__WHAT THE TASK REQUIRES__. Among the entries below, one line contains "6. pedestrian [1230,845,1238,859]" and another contains "36. car [823,863,955,950]". Transcribe those two lines and every line between them, exactly.

---- RECORDS FOR THIS TASK

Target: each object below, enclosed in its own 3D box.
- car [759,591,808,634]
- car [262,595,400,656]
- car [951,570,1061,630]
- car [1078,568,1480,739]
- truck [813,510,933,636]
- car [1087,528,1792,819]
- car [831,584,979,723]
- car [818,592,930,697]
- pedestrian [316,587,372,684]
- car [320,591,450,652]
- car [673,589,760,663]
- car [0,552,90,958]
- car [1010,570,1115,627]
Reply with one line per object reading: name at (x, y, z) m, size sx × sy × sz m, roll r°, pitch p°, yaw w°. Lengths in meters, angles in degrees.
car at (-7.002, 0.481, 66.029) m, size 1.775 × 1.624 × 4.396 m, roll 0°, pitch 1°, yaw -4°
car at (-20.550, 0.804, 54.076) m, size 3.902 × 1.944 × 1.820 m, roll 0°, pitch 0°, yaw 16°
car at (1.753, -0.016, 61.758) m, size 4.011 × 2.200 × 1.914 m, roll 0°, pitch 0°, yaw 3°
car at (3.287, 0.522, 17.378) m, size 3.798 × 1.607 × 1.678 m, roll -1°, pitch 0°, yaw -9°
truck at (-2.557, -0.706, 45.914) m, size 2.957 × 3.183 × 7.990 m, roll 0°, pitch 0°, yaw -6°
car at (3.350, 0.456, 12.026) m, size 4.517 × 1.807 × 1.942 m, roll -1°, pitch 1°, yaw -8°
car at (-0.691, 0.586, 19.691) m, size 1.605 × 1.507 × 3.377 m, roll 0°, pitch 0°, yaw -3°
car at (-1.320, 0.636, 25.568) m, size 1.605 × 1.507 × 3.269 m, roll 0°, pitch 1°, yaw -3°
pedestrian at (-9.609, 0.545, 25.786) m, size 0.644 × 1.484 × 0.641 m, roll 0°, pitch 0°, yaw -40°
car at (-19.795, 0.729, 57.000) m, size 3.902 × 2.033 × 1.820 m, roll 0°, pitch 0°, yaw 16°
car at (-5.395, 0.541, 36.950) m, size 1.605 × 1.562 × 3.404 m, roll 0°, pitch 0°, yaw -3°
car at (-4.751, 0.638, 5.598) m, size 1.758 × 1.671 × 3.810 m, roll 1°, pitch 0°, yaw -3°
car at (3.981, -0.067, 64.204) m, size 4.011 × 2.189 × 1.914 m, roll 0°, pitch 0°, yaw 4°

--------
---- RECORDS FOR THIS TASK

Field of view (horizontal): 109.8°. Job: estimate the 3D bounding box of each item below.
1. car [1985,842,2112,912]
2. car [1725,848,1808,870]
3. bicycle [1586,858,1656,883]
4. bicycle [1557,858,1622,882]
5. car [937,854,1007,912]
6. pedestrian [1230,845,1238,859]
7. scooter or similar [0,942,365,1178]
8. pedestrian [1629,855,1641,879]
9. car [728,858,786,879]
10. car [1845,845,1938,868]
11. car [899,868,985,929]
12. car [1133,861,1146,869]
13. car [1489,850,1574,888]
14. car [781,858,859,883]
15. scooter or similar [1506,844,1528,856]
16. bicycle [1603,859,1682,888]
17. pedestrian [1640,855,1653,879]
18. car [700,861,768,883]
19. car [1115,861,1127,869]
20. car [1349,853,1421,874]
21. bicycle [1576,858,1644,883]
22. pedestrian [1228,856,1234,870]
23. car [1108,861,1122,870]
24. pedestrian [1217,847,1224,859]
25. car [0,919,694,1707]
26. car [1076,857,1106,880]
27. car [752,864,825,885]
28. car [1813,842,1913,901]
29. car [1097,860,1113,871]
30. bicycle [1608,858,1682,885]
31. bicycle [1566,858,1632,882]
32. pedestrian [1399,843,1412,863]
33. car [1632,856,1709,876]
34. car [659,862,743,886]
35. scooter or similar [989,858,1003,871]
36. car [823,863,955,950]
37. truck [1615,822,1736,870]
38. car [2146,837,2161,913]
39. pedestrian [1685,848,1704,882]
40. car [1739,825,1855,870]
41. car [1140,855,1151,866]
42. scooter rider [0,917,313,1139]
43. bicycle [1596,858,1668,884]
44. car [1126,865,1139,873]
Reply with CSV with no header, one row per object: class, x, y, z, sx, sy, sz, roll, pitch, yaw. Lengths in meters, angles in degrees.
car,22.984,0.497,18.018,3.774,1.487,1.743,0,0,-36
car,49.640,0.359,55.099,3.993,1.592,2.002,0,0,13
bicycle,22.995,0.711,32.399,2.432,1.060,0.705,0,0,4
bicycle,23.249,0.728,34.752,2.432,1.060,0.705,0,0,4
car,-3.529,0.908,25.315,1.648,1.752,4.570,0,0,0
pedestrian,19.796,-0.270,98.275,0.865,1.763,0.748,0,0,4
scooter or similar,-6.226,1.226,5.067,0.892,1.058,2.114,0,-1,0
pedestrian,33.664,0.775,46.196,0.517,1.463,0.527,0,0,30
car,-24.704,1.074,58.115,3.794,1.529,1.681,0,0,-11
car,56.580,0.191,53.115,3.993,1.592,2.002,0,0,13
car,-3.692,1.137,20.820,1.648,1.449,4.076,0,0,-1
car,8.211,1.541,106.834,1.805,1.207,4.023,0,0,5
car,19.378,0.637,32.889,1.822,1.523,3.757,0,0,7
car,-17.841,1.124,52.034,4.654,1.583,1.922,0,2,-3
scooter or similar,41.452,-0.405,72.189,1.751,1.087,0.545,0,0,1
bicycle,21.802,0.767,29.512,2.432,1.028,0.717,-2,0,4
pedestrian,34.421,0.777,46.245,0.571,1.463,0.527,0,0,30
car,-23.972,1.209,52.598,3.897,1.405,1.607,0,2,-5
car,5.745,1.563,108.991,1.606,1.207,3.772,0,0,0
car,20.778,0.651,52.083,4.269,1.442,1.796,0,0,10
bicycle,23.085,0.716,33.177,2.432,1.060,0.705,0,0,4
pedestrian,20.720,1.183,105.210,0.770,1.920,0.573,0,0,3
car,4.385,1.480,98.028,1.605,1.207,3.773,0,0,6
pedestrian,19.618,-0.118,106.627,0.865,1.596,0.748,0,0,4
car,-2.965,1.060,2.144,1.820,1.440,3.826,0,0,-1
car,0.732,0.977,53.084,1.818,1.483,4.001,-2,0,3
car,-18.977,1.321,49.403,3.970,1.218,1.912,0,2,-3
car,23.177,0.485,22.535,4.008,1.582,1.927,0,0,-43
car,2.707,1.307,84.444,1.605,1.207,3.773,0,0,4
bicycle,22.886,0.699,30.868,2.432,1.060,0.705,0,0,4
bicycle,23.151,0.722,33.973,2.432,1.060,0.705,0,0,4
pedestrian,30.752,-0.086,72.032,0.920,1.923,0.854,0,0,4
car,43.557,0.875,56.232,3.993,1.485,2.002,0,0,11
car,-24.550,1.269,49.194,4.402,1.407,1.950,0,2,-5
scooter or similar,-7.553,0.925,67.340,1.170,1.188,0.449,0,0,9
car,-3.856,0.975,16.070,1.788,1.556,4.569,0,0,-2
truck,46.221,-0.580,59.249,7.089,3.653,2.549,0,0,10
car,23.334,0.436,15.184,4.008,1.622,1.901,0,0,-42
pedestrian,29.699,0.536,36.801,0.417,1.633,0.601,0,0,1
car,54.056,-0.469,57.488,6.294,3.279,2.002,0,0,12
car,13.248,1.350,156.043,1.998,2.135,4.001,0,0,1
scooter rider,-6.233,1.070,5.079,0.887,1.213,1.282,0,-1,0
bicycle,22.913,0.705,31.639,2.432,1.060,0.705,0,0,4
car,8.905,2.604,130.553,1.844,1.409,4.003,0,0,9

--------

__RESPONSE TO THIS EXERCISE__.
6. pedestrian [1230,845,1238,859]
7. scooter or similar [0,942,365,1178]
8. pedestrian [1629,855,1641,879]
9. car [728,858,786,879]
10. car [1845,845,1938,868]
11. car [899,868,985,929]
12. car [1133,861,1146,869]
13. car [1489,850,1574,888]
14. car [781,858,859,883]
15. scooter or similar [1506,844,1528,856]
16. bicycle [1603,859,1682,888]
17. pedestrian [1640,855,1653,879]
18. car [700,861,768,883]
19. car [1115,861,1127,869]
20. car [1349,853,1421,874]
21. bicycle [1576,858,1644,883]
22. pedestrian [1228,856,1234,870]
23. car [1108,861,1122,870]
24. pedestrian [1217,847,1224,859]
25. car [0,919,694,1707]
26. car [1076,857,1106,880]
27. car [752,864,825,885]
28. car [1813,842,1913,901]
29. car [1097,860,1113,871]
30. bicycle [1608,858,1682,885]
31. bicycle [1566,858,1632,882]
32. pedestrian [1399,843,1412,863]
33. car [1632,856,1709,876]
34. car [659,862,743,886]
35. scooter or similar [989,858,1003,871]
36. car [823,863,955,950]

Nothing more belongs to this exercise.